The flavour of Welsh lamb is also influenced by the seasons. Spring lamb appears on sale from May each year and is sweet and mild-flavoured. Pressdee notes that this makes it ideal for light spring casseroles, particularly if warmth of flavour is required. Autumn lamb, however, acquires a stronger, gamey taste but can be richer in flavour and can be enhanced by the addition of fresh, wild field mushrooms.

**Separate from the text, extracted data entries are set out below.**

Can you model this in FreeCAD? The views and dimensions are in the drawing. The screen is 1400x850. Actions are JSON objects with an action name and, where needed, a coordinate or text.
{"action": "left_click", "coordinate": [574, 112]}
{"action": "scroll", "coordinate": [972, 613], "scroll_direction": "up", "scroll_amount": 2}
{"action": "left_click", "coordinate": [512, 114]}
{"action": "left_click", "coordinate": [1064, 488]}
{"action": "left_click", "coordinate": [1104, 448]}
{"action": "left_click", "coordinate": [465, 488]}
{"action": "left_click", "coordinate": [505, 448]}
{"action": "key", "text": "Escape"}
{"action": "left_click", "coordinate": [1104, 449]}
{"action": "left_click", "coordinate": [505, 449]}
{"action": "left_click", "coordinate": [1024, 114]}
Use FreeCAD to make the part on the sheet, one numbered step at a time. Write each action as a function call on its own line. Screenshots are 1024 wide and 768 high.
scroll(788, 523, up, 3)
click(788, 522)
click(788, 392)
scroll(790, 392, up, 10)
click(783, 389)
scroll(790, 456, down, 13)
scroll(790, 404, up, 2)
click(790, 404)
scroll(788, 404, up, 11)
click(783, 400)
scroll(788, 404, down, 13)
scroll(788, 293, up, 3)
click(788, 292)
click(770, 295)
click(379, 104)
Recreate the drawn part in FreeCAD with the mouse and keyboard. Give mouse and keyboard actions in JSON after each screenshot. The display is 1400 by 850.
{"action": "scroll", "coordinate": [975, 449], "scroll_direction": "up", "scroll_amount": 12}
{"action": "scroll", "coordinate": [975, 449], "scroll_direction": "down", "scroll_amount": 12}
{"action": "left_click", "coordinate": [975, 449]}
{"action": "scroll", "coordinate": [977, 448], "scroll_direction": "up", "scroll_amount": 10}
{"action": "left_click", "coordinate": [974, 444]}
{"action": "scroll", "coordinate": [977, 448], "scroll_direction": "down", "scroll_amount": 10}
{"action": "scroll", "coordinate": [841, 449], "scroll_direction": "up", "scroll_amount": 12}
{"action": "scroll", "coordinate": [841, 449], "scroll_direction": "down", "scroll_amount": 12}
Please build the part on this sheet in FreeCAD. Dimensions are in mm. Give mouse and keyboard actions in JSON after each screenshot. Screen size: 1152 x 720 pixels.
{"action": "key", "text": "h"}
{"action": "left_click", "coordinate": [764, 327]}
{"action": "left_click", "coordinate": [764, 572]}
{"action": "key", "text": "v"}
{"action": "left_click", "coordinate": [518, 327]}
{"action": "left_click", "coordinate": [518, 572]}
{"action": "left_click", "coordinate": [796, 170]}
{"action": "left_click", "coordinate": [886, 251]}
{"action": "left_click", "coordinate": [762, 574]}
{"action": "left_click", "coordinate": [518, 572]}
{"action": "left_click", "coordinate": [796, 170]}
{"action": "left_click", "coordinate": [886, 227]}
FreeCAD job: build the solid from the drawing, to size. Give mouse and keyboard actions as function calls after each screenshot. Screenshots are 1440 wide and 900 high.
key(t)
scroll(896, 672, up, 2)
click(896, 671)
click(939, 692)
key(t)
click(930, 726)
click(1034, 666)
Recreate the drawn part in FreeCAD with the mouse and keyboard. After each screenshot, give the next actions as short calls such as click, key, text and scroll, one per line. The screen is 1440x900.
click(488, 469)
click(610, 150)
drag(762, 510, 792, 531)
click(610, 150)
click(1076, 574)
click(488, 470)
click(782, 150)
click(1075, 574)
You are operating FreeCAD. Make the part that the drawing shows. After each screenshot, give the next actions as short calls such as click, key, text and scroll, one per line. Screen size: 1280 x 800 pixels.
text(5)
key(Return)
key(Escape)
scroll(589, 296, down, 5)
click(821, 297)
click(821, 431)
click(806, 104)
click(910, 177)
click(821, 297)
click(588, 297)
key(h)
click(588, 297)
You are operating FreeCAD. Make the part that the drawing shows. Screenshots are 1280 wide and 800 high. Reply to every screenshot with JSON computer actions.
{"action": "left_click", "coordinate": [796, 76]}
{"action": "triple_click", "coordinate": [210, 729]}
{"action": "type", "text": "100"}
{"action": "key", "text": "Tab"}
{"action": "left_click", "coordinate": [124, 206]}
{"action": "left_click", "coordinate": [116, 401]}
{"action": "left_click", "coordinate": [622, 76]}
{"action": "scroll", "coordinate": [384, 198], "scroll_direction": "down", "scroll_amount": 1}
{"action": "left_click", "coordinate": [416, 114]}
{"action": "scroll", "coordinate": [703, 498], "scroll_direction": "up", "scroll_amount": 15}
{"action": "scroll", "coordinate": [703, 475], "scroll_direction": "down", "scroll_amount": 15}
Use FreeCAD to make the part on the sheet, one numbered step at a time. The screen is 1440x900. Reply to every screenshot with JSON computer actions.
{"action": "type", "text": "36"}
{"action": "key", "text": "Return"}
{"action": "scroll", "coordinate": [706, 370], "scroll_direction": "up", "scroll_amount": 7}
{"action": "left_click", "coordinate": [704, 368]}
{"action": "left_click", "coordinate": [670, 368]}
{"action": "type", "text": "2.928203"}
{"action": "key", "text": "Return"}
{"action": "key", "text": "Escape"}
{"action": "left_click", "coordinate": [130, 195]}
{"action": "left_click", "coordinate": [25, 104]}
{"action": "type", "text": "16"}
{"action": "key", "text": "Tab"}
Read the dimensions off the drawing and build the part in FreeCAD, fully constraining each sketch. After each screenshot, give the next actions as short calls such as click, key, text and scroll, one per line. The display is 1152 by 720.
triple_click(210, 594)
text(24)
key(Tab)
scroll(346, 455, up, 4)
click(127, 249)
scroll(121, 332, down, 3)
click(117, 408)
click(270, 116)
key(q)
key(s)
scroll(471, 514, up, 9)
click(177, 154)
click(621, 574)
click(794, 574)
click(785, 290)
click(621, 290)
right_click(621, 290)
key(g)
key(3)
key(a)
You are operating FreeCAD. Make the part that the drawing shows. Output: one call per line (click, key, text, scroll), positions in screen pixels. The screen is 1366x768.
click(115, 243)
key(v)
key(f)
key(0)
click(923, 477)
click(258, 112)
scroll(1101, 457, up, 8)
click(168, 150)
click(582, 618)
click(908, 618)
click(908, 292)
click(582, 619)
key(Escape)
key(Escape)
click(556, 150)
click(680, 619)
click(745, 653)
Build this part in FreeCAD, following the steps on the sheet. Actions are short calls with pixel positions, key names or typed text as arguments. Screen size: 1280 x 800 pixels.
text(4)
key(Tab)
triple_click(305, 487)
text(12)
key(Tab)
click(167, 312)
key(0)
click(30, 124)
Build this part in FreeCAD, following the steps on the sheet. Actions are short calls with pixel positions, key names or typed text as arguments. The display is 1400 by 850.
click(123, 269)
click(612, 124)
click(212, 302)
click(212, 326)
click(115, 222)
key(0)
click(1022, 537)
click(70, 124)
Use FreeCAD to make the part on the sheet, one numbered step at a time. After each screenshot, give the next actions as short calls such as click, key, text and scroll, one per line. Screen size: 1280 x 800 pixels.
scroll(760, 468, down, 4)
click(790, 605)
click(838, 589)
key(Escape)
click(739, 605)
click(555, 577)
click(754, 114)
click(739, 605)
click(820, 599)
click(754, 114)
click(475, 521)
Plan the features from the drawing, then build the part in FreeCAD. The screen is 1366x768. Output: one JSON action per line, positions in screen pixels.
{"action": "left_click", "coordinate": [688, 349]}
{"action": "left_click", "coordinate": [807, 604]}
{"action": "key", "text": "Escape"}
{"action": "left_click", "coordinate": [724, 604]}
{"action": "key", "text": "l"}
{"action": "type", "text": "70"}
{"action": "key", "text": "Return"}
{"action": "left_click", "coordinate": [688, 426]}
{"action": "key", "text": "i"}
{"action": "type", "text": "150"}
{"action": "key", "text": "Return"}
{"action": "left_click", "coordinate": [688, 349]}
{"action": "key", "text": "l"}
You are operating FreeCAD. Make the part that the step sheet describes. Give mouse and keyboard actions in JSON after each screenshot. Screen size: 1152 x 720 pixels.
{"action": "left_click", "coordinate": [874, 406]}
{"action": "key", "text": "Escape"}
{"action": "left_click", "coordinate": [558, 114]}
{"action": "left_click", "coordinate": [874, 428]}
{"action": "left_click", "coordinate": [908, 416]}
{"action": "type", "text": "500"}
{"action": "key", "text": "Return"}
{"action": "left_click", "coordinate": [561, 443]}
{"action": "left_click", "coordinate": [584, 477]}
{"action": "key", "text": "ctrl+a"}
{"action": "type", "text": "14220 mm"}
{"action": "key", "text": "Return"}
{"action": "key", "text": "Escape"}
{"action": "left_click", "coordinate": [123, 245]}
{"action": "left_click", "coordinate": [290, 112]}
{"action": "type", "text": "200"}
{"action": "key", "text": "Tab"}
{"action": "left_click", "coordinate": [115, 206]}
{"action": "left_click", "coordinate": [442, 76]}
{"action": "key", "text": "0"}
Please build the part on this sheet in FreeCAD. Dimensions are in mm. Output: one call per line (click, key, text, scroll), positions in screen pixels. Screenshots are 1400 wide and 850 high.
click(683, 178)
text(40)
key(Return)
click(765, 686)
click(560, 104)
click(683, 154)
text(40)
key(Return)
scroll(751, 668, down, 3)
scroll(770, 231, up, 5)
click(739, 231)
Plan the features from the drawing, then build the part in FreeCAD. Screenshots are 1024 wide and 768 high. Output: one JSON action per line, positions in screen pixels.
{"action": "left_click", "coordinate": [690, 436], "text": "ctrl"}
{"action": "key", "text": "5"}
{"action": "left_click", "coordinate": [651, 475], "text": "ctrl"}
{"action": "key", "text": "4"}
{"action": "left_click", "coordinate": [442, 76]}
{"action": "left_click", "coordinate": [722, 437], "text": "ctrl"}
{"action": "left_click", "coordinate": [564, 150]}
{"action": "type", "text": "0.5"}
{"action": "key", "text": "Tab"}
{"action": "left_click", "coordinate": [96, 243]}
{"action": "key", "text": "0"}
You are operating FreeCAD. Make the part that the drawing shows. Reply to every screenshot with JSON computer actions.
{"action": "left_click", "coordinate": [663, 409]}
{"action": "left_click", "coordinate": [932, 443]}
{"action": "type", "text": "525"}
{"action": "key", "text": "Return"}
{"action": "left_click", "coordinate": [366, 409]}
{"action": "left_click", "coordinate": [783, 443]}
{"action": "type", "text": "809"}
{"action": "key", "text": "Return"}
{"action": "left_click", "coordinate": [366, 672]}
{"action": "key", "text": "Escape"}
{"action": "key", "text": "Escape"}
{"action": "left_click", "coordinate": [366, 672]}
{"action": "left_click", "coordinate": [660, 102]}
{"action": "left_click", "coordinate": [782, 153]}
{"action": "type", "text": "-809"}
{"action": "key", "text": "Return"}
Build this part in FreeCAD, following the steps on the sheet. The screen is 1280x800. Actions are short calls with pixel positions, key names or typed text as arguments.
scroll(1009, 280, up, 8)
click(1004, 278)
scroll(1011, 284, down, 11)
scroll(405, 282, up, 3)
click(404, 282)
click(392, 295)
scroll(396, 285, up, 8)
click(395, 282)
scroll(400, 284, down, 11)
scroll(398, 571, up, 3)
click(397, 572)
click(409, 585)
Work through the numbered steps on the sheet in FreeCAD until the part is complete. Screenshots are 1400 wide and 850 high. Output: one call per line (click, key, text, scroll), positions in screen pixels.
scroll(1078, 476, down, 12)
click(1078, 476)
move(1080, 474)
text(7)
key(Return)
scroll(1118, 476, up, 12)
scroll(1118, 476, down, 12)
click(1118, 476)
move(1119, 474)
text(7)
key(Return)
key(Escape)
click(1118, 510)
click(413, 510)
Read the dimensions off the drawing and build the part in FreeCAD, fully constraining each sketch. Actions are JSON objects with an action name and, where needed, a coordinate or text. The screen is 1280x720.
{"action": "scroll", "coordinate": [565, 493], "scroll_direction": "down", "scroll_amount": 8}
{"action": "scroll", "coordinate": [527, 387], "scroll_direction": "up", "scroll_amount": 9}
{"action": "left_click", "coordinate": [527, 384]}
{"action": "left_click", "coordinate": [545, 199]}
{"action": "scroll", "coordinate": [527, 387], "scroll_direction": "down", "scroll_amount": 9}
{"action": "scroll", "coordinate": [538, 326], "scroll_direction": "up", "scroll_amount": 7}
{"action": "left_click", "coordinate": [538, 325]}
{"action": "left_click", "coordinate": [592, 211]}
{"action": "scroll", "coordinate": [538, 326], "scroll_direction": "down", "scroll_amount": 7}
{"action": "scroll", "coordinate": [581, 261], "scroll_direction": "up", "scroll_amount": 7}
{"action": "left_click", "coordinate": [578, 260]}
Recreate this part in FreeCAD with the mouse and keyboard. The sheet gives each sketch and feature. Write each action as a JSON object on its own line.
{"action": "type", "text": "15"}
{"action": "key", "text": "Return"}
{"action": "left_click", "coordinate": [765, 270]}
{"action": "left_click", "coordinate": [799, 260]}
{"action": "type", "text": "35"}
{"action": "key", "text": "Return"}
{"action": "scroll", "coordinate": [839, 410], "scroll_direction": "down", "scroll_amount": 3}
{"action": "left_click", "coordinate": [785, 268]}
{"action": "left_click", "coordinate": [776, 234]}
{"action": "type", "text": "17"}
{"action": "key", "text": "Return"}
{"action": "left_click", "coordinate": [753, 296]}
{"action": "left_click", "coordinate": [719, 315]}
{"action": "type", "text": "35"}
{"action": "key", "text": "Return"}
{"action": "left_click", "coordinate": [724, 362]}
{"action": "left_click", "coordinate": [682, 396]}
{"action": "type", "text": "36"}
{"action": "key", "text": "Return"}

Although Welsh Mountain Sheep are smaller than other British sheep breeds, it is considered to have a sweeter flavour and to have more meat nearer the bone. Generally, the shoulder of Welsh lamb is more succulent, and has a higher fat content, than the leg. However, due to the difficulty of carving it, shops tend to sell shoulder of lamb already boned and rolled.

Up until the nineteenth century, mutton was a popular dish in Wales. However, due to changes in farming practices and food preferences, it is no longer part of the staple diet. However, it can still be found in Victorian recipe books, where the salting, or 'powdering', of mutton and the preparation of 'Welsh Mutton Hams' was a regular item of daily fare. Mutton was commonly found in Ceredigion restaurants catering for the Victorian tourist trade.

The importance of sheep in the economy of Ceredigion is reflected in one of the banknotes of a now defunct Ceredigion bank called the Aberystwyth and Tregaron Bank, where the number of black sheep depicted on each banknote corresponded to the value of the note in pounds and with the £5 and £10 notes displaying one ram or two rams, respectively. This gave the bank its alternative name of the Black Sheep Bank or Banc y Ddafad Ddu.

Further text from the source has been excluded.